▶ **TASK DATA**
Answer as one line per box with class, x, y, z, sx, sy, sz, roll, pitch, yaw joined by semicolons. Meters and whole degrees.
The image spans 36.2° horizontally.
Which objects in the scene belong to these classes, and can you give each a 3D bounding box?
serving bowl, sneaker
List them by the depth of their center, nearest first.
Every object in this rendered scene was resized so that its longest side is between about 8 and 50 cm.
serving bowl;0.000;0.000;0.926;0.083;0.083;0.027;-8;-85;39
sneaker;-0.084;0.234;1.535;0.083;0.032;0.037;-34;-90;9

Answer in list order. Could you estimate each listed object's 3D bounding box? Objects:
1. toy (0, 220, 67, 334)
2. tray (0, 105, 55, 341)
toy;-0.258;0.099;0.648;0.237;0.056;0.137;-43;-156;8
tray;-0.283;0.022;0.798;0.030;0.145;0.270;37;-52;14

▶ **WHAT YOU SHOULD DO**
Return an exact copy of only the lines from the one with "Every object in" through the end of the listing above, both included.

▶ **REPLY**
Every object in this rendered scene was resized so that its longest side is between about 8 and 50 cm.
serving bowl;0.000;0.000;0.926;0.083;0.083;0.027;-8;-85;39
sneaker;-0.084;0.234;1.535;0.083;0.032;0.037;-34;-90;9

Answer in list order. Could you estimate each listed object's 3D bounding box? Objects:
1. toy (0, 220, 67, 334)
2. tray (0, 105, 55, 341)
toy;-0.258;0.099;0.648;0.237;0.056;0.137;-43;-156;8
tray;-0.283;0.022;0.798;0.030;0.145;0.270;37;-52;14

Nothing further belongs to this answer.